Production Configuration Checklist
| Category | Setting | Recommendation |
|---|---|---|
| Server | server.shutdown | graceful |
| Server | spring.lifecycle.timeout-per-shutdown-phase | 30s |
| Probes | Liveness probe | /actuator/health/liveness |
| Probes | Readiness probe | /actuator/health/readiness |
| Probes | Startup probe | For slow-starting apps |
| Resources | CPU request | Baseline CPU (e.g., 250m) |
| Resources | Memory limit | JVM heap + 25% overhead |
| Logging | Structured JSON | For log aggregation |
| Metrics | Prometheus endpoint | /actuator/prometheus |
| Security | Actuator access | Restrict to internal network |
| Config | Secrets | Kubernetes Secrets, not env vars in manifests |
| Scaling | HPA | CPU and memory-based |
| Updates | Rolling update | maxUnavailable: 1, maxSurge: 1 |
Deployment is where engineering meets operations.
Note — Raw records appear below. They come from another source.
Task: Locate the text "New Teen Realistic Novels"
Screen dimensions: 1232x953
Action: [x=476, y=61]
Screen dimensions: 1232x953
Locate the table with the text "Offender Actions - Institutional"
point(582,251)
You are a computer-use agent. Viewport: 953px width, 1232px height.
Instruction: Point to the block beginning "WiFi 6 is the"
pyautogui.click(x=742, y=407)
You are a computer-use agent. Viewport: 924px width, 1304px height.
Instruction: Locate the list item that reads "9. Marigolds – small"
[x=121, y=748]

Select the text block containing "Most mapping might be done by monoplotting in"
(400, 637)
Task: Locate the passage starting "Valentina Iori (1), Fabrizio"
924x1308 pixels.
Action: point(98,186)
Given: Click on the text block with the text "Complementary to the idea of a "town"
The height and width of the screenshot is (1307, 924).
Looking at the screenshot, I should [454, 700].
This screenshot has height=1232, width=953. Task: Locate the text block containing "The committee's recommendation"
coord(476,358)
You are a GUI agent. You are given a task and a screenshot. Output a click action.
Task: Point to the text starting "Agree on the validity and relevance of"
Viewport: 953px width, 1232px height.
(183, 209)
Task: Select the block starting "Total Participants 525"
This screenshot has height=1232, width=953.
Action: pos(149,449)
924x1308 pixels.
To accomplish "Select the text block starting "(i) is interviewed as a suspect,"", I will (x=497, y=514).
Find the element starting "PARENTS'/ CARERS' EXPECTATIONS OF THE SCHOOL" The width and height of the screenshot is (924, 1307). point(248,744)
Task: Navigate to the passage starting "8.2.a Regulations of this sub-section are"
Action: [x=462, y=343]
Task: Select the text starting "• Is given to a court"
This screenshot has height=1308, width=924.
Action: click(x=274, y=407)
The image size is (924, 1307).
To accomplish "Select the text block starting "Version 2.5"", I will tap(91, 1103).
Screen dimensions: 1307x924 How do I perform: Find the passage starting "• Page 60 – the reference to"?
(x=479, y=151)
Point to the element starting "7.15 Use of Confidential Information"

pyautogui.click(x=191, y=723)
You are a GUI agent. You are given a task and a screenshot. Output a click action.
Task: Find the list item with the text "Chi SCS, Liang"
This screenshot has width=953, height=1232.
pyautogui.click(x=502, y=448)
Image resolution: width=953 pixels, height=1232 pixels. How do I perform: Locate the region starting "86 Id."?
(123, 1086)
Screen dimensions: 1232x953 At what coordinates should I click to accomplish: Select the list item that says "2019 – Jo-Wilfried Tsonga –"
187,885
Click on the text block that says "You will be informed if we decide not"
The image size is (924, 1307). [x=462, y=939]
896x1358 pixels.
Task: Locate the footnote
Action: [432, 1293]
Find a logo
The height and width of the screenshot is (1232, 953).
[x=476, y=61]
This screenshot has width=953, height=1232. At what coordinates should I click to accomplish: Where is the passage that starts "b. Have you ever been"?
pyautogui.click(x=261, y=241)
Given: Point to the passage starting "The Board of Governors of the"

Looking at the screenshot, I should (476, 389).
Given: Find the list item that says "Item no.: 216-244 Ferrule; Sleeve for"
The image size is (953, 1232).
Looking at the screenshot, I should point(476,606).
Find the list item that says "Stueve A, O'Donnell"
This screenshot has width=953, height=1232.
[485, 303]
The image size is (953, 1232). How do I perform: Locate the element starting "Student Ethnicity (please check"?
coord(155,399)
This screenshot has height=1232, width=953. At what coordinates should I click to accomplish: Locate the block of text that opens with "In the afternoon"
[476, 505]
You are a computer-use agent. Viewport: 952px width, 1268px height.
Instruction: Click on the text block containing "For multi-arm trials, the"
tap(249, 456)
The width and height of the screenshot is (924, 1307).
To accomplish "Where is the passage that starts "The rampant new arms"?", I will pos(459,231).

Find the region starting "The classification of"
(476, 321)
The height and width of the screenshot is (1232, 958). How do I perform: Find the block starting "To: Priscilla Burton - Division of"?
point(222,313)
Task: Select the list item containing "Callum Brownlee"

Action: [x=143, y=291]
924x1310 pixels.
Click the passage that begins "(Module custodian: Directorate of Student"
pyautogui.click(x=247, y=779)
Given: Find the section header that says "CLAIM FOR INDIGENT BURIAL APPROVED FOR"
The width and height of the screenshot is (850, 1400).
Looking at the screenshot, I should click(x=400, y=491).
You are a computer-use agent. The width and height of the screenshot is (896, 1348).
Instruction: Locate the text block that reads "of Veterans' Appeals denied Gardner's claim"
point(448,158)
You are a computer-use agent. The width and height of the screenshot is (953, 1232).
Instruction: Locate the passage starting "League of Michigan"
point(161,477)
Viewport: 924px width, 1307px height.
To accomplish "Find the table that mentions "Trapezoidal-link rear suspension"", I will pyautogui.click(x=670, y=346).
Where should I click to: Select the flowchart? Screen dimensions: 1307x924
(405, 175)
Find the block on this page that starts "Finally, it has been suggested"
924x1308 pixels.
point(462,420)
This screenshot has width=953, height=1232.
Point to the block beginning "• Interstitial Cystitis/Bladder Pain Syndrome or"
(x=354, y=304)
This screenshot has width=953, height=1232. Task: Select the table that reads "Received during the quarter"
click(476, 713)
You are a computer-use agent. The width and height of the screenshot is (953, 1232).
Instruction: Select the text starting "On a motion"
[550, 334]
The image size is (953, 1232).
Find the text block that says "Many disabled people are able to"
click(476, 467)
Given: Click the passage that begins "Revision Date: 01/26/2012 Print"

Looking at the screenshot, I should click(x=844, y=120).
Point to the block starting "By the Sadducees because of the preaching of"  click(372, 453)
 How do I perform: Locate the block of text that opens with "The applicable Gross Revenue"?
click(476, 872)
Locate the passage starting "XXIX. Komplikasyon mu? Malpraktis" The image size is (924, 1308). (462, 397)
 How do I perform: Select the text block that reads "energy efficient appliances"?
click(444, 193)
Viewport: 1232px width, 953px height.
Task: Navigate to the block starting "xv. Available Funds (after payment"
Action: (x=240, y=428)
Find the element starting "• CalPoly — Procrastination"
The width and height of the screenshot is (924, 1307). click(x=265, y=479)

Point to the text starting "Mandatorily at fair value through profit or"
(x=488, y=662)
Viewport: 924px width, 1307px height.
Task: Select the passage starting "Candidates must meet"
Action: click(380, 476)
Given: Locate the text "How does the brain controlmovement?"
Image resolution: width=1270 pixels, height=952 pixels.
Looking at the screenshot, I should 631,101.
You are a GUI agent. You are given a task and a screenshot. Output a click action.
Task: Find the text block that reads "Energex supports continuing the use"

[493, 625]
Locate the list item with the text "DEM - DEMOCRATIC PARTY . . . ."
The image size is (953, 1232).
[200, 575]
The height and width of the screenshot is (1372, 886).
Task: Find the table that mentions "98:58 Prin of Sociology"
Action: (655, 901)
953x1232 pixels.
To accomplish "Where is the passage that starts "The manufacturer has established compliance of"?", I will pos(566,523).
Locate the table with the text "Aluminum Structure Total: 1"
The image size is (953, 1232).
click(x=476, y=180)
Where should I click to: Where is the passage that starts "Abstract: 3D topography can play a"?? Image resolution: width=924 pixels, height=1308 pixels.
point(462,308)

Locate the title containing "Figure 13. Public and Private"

A well-configured deployment with health probes, graceful shutdown, and rolling updates means zero-downtime releases. A poorly configured one means 3 AM pages, dropped connections, and angry users. Get the probes right, tune the resource limits, configure graceful shutdown, and your deployments become boring — which is exactly what production deployments should be.